When companies sell exclusively through larger retailers or via wholesalers, for example, those intermediaries often get first access to customer data. This meant the brand’s role was largely marketing and providing products to be placed on a shelf or in a store aisle. Though some data gets passed on, the retailers and wholesalers are responsible for delivering most of the customer experience (CX).
This all changes with the DTC model, and potentially in the best possible ways. Instead of simply looking at it as a way to “cut out the middle person,” the most successful brands recognize it as an opportunity to deepen customer relationships by enhancing experiences at every state of the customer journey.
A DTC can spend more time, for instance, thinking about the transition customers will make from the moment they discover their brand to when they begin actively considering a purchase. They can begin to identify and remove friction that slows down transactions. They can also streamline workflows such as providing customer service, and using the data collected there to address common pain points.
This may not require hiring a chief customer officer or setting up a designated CX team. Instead, DTC brands often work to make CX a cornerstone of their organizational culture, so that everyone across the team recognizes the importance of putting their needs first.
If you’re not already convinced that DTC and CX are inextricably linked, consider the following:
Plenty of DTC firms have set up pop-up shops or physical stores, but they tend to be born – and continue to thrive – online. In doing so they are responding to what customers are showing they really want.
Even if they continue to enjoy in-person shopping, for example, today’s connected consumer is extremely savvy. They will be quick to take out their phone and compare prices and other features online with competitors. They might also prefer to do online research before leaving the house to shop. Either way, they want options, and DTC firms can ensure they show up in those search results.

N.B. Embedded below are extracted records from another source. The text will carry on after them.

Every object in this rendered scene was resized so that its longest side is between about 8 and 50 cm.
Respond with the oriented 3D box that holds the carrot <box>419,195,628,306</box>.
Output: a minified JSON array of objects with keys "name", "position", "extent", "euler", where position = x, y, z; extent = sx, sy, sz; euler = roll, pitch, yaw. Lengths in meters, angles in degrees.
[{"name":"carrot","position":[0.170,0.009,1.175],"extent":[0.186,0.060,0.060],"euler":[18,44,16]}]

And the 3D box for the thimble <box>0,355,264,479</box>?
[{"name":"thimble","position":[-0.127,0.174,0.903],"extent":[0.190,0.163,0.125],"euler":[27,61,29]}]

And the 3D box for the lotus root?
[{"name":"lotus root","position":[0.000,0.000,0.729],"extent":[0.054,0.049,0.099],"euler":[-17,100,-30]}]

For many purchases, customers may prefer not to make a trip to a store, and DTC firms can often provide a fast, fluid experience to place orders and have them delivered straight to their homes.
No one wants to walk into a large store (or navigate through a web site) and feel ignored. They want to be treated as though they are valued and recognized for the individuals they are.

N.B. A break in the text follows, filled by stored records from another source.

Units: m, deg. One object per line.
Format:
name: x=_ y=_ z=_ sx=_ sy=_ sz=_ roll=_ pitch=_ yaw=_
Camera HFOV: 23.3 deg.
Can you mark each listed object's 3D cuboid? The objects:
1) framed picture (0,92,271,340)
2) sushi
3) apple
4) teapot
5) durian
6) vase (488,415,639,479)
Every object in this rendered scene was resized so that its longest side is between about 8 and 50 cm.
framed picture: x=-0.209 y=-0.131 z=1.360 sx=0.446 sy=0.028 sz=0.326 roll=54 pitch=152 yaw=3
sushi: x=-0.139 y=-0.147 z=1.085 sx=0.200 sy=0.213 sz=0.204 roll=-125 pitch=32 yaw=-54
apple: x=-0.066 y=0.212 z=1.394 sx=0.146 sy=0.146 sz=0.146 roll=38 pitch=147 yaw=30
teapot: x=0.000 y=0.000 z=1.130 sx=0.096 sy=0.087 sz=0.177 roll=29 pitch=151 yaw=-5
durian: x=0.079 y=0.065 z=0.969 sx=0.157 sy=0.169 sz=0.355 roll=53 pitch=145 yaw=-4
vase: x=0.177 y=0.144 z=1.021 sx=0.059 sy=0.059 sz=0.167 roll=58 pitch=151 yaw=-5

DTC should stand for data-to-customer in part because the data you gain is key to serving customers in a one-to-one fashion. Having direct access means you’re not working with out-of-data or possibly inaccurate data passed on by an intermediary.

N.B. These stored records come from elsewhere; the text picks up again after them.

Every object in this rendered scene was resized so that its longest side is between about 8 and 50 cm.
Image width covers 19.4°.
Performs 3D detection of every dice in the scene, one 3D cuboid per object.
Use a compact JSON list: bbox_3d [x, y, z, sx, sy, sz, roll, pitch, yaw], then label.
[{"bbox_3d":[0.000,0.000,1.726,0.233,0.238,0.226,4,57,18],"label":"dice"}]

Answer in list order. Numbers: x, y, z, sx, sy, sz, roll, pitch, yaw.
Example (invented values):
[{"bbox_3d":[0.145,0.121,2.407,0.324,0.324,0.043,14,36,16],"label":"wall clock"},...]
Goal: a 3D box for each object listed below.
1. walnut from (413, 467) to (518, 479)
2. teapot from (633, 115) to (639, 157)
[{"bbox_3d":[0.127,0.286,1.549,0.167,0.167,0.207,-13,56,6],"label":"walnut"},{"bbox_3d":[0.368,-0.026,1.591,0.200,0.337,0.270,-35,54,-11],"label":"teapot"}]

Looking at what someone has ordered in the past, for instance, you can use technology to cross-reference complementary or similar items to make smart recommendations for their next purchase.
You can also use technology to communicate with them on a first-name basis in the channels they prefer most. These can include e-mail, text message, social media and more.
Consumers don’t want to wait on hold with a contact center every time they have a question or a complaint. They want answers, and DTC firms can build the ability to give them almost as soon as they’re asked.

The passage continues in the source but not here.